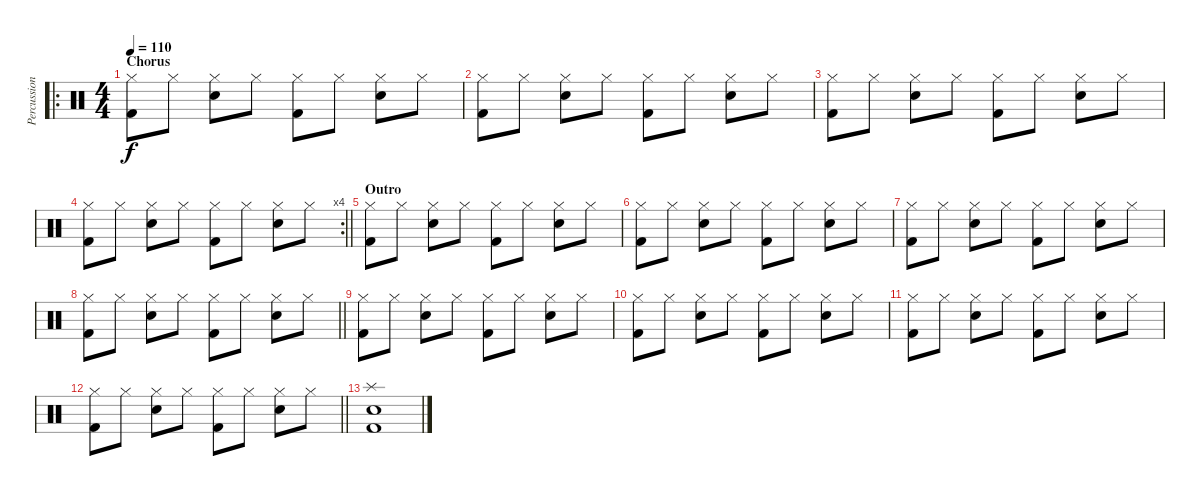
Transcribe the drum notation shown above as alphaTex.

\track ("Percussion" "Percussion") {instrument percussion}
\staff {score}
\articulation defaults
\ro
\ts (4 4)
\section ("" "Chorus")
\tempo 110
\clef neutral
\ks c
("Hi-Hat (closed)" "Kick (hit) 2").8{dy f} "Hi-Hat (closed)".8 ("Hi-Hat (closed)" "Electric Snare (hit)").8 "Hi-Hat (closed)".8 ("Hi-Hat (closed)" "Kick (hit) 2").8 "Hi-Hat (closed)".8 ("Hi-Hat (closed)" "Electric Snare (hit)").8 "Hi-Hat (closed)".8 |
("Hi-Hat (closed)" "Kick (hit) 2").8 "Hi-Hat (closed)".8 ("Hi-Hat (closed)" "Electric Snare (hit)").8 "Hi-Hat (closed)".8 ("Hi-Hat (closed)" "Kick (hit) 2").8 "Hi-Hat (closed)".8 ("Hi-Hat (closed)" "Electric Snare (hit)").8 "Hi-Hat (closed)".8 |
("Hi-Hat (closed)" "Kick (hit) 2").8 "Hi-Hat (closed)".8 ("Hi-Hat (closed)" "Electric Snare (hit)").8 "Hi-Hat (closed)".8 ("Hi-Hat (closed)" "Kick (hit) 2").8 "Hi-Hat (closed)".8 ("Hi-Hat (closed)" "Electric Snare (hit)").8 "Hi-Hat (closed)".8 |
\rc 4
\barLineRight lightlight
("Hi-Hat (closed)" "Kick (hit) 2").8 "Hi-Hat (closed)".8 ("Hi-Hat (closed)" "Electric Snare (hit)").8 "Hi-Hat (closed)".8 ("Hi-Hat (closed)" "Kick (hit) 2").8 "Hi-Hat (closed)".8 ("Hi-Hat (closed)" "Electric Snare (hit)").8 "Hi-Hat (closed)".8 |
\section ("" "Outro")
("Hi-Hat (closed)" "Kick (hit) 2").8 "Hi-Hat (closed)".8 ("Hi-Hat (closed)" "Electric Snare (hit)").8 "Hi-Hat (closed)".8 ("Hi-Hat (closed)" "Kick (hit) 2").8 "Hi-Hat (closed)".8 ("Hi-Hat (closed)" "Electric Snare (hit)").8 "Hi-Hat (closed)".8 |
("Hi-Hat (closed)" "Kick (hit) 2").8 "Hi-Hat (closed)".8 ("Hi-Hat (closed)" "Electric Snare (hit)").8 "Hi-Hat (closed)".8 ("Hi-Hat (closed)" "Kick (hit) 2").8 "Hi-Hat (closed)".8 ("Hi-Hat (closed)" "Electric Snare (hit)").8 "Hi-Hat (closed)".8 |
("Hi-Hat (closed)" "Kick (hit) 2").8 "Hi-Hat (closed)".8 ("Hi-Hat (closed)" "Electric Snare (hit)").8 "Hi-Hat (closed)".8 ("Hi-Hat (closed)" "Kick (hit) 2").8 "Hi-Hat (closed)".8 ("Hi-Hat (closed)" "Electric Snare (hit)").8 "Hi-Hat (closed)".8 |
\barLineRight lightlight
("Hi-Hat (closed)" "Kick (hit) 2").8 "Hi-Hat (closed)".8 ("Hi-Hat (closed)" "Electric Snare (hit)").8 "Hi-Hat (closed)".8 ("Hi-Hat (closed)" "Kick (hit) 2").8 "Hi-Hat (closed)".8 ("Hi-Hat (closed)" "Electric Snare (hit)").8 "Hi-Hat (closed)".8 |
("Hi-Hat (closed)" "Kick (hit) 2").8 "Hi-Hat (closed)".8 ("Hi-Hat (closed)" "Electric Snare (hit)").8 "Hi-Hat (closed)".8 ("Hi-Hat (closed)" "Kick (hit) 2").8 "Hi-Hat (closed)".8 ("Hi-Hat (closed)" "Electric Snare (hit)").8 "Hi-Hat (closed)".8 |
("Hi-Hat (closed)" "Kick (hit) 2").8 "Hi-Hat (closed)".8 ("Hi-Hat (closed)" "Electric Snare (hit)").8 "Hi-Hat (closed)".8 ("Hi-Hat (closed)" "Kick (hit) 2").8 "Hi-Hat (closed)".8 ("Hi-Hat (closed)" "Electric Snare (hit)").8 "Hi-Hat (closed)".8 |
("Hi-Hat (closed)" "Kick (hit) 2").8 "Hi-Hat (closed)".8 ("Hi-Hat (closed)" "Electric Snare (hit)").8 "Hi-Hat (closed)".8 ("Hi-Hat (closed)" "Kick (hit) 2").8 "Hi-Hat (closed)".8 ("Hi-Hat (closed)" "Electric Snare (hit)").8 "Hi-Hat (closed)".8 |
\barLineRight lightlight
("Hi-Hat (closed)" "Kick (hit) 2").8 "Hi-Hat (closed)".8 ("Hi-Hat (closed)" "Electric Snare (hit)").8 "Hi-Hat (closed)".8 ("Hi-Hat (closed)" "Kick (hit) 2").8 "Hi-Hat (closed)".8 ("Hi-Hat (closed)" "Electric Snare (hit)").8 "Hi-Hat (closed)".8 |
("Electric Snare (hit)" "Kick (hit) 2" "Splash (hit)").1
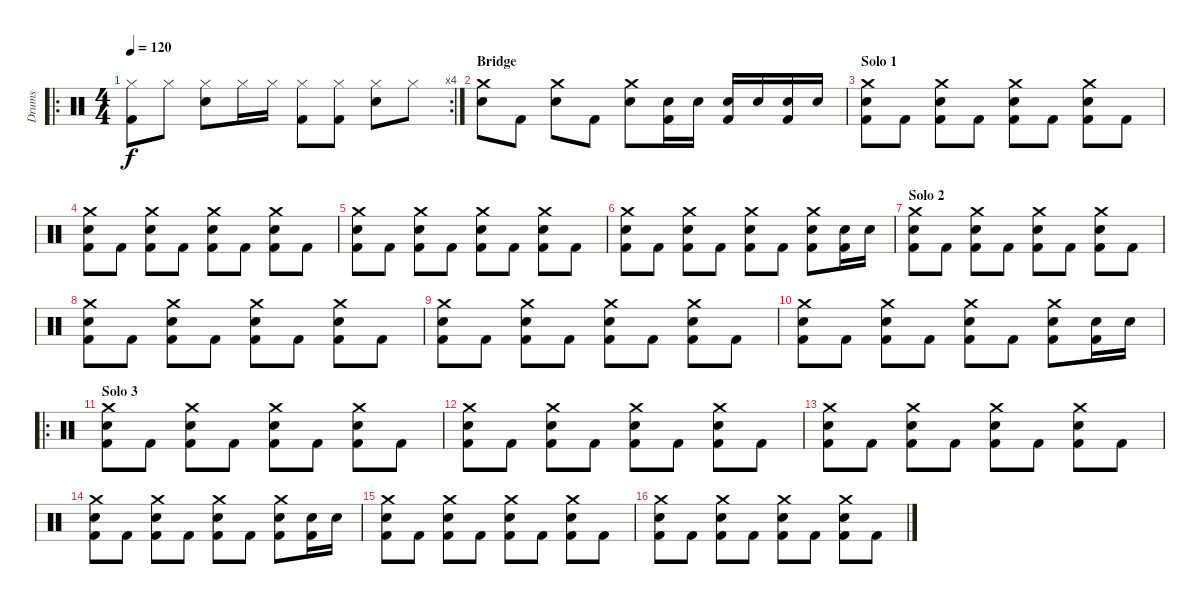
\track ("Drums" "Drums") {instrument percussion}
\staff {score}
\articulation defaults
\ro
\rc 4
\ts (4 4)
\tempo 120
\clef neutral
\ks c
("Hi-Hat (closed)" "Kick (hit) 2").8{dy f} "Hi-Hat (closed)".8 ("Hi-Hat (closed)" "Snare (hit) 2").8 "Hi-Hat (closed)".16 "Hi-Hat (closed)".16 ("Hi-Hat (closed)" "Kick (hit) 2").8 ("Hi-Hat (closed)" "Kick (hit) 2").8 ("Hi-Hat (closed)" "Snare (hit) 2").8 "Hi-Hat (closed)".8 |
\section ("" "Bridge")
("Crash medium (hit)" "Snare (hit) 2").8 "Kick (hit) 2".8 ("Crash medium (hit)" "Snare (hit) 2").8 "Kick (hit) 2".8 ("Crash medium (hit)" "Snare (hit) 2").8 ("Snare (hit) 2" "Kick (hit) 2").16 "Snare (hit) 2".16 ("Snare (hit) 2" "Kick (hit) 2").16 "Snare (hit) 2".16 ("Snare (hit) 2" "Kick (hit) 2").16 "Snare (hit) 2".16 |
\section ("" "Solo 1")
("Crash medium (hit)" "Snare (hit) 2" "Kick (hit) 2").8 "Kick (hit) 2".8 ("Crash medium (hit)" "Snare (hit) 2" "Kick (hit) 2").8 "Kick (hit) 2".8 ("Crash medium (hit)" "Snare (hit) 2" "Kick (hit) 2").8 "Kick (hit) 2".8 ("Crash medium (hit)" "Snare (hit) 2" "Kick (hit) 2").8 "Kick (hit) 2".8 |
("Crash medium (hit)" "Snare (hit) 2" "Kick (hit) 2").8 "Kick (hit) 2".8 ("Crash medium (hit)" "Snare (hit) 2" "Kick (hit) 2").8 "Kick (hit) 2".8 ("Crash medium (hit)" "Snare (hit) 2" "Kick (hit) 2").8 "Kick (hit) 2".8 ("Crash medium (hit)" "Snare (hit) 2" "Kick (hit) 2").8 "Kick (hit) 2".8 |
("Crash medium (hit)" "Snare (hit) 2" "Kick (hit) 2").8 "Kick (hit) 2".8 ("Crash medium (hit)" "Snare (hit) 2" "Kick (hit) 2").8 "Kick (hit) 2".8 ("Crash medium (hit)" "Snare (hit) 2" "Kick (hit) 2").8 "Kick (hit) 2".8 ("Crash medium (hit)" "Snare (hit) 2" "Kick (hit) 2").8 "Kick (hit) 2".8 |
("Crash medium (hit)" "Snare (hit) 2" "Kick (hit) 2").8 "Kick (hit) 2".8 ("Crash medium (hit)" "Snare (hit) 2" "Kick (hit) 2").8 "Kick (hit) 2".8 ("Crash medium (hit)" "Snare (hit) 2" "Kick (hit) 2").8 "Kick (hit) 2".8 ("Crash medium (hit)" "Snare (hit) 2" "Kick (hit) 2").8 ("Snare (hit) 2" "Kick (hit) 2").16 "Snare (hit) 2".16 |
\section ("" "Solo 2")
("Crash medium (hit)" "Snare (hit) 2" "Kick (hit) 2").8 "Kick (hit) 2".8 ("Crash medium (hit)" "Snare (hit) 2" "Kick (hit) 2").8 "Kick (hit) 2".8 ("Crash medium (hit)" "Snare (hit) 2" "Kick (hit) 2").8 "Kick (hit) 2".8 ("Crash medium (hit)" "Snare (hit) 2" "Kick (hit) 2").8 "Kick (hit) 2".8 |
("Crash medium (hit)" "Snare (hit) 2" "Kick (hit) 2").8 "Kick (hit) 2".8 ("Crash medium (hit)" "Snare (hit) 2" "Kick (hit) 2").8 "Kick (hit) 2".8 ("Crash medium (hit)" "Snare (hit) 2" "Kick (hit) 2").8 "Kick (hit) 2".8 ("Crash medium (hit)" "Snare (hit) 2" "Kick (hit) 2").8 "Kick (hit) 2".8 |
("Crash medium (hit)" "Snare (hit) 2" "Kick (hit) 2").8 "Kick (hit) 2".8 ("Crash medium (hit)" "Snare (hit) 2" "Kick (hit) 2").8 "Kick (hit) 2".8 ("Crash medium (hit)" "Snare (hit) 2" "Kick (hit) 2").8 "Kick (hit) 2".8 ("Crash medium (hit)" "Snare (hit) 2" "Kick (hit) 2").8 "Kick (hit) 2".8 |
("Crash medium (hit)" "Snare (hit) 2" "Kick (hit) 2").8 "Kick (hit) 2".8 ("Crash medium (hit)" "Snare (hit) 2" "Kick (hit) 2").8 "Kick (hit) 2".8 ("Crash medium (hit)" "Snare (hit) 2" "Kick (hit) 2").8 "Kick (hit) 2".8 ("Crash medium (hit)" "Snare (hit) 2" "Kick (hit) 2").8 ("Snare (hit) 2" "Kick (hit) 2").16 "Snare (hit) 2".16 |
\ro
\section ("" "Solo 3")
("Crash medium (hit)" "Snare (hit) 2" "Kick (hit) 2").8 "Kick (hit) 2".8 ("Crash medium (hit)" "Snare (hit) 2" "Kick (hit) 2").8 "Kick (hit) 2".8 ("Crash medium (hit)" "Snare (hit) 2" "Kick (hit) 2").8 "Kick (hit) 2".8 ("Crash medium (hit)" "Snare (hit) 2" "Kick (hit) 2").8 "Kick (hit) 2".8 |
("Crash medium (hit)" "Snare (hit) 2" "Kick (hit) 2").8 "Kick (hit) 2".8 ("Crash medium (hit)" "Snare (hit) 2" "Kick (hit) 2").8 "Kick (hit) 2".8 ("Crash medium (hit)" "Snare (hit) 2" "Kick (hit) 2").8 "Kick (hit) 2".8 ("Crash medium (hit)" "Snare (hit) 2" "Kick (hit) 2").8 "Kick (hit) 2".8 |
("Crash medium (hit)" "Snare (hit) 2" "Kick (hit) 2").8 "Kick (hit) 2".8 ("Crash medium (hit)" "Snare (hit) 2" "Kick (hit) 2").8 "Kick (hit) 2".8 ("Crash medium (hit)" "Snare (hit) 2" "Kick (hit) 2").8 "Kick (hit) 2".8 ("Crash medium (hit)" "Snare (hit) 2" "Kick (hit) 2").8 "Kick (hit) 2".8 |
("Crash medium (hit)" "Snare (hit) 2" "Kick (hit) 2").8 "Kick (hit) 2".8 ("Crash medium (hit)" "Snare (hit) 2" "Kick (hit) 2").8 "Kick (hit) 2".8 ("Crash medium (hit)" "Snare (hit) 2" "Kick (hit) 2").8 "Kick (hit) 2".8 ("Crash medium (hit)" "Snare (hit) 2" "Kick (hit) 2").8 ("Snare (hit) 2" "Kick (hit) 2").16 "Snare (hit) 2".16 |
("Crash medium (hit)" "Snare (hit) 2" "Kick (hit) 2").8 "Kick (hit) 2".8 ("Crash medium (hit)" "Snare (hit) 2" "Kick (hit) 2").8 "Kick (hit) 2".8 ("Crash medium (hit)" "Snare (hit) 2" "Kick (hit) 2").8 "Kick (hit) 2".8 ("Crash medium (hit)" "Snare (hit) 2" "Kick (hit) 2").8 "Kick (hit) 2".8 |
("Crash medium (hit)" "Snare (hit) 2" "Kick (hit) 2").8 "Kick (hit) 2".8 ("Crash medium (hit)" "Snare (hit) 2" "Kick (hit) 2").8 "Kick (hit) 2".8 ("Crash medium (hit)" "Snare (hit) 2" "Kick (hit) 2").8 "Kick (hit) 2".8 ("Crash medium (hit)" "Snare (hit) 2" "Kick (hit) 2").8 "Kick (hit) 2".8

────────

__Task instructions__: Determine the number of lines in the listing that hold the word "instrument", and supply that number and nothing further.

__Output for this task__: 2